Sterngard Friegen wrote:
The nuclear airplane was obsoleted by the satellite. Had there been no satellites, an ultra high flying nuclear airplane would have been invaluable.
JFK killed the nuclear airplane before we or anybody else had a strong satellite program. Sputnik had not yet been launched when work began on the nuclear airplane. This was a plan laid before the first atomic bombs were dropped; Fermi was one of those who thought it would work. It was a period in which nuclear energy was seen as ubiquitous and ridiculously cheap in the near future. (In fact, design work began on a nuclear submarine before Pearl Harbor. Visit Groton, CT, for a tour and more info.)
The aircraft frame that was to be used was the B-36, which had a ceiling of just 39,900 ft.
"Flying on Nuclear, The American Effort to Built a Nuclear Powered Bomber". It was not designed to be a high flying nuclear airplane; it was just an enormous airplane that could stay in the air while other airplanes descended for fuel and lubrication. Unlike in other airplanes, the crew of the nuclear airplane would have been confined to a highly-shielded, very small space:

I don't know whether America is ever again going to be in that kind of war (hope not). Such an airplane may now be irrelevant. In addition to nuclear submarines (also a Connecticut product), we now seem increasingly to depend on Stealth technologies and drones of several kinds, with a satellite system fully in place. The tale of the nuclear airplane is now mostly used to show the hazards of projects that are so secret that even the people who would supposedly use the aircraft don't know the project exists. Even in military work, science conducted in secret loses much of the strength of the scientific method.
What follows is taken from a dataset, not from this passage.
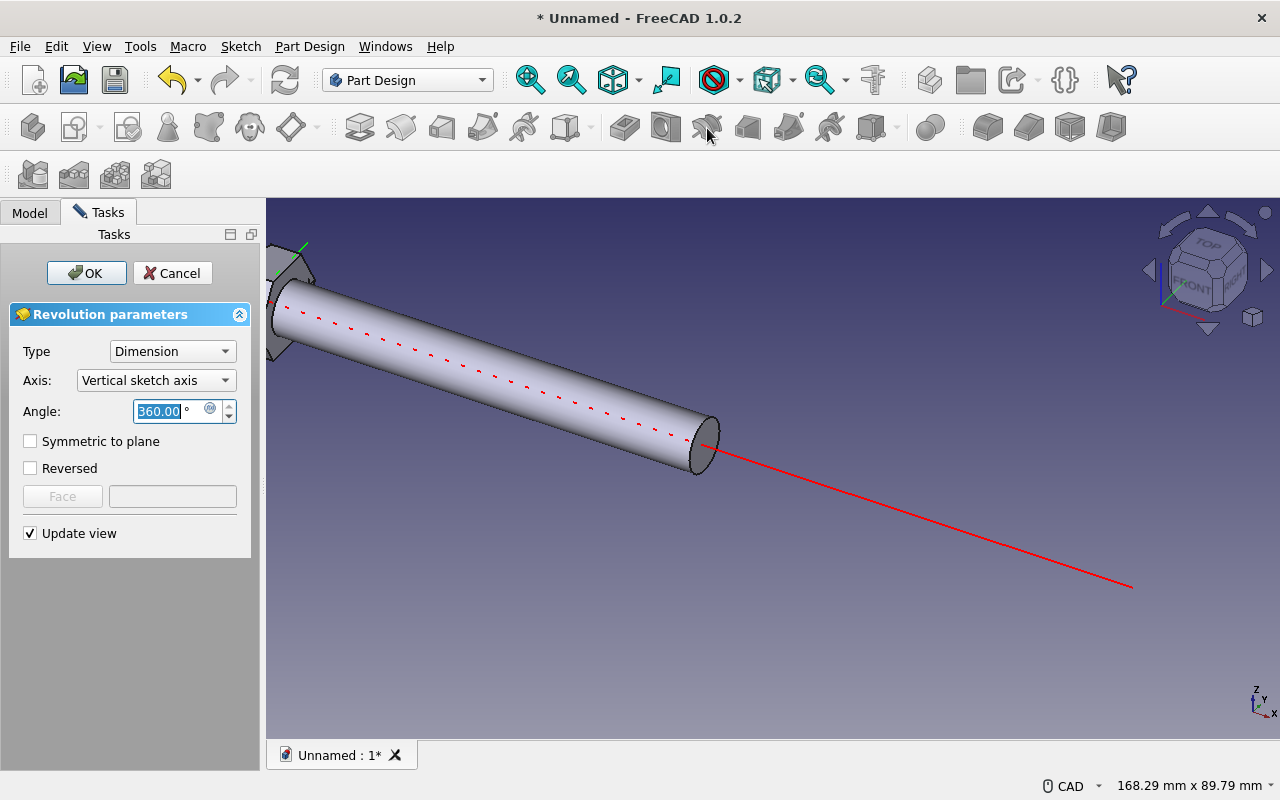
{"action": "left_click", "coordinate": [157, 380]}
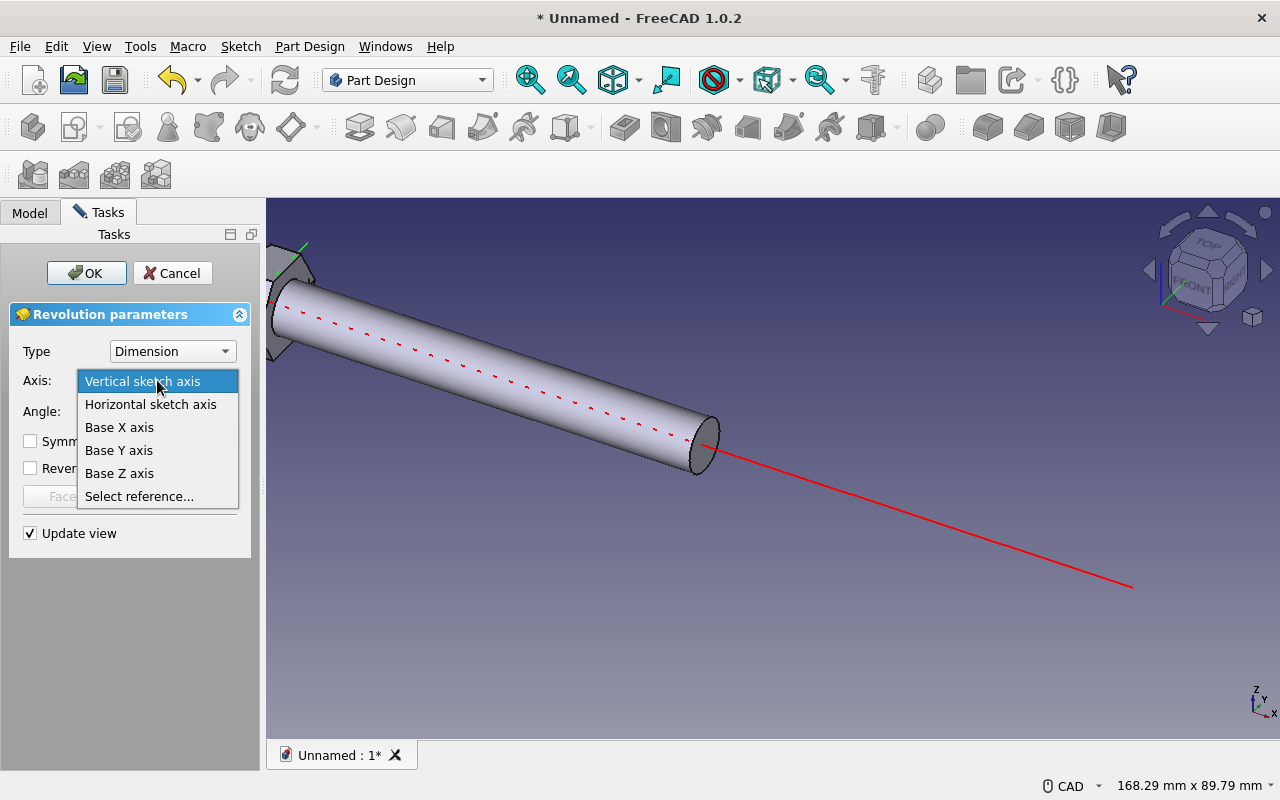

Herb York described the decision-making process as absurd.
Quote:
The story of the ANP, it seems to me, provides a classic illustration of some of the forces that drive the arms race onward. It involves partisan politics: Congress was controlled by the Democrats, the White House by the Republicans. It provides a classic example of the exploitation of the fears and anxieties of the public through the use of imaginary "intelligence." It shows how sincere people who badly want to be misled can easily mislead themselves: the so-called intelligence that was used as one of the arguments in support of a crash program by our side was based in part on technical articles which really did appear in the Soviet press about possible uses of atomic energy, including application of nuclear propulsion to aircraft. These articles were strictly theoretical, but it was quite easy for persons who wanted to believe that the Russians were ahead, to believe it with passion. The ANP story shows how an industrial organization, in this case General Electric, does not merely do what the government asks it to do, but rather works very hard through all possible channels to make sure that the government asks it to do what it wants to do in the first place. It shows how military advocates of programs, especially programs involving more than one agency, attempt to take advantage of all the internal rivalries and tensions which exist in order to find a successful path for the accomplishment of what they--very sincerely, to be sure--believe to be essential, and which they therefore believe justifies the use of any tactics to ensure that administrators will not be able "to put the budget ahead of survival."
This was the military-industrial complex about which Eisenhower warned in his Farewell Address. Jerome Wiesner, who had become a founding member of the Board of the MacArthur Foundation, used this story to illustrate how badly off track our international security programs, including academic programs, had gotten. He and Murray Gell-Mann were largely responsible for the Foundation's program that sought (successfully) to upend scholarship on international security, to take it from the hands of the bean counters (physicists) and the watchers of who stood near to whom on the balcony during the Moscow May Day parade (political scientists). That program produced the first academics who were willing to contemplate a world in which the U.S.S.R. had disappeared as a military power; this was heresy to the orthodox analysts, some of whom had supported projects like the nuclear airplane.
The project did leave a lasting mark: the Connecticut plant is still under NIOSH investigation for issues of worker safety. It was quite a project:
Connecticut Aircraft Nuclear Engine Lab - Middletown.
It is probably an absolute certainty that at least one equally foolish project is now underway in some corner of the Pentagon. It was probably underway when the DoD could not afford to provide armor for the Humvees that were blown up by early versions of what may be the "weapon of the 21st century," the sophisticated descendants of last century's IED's.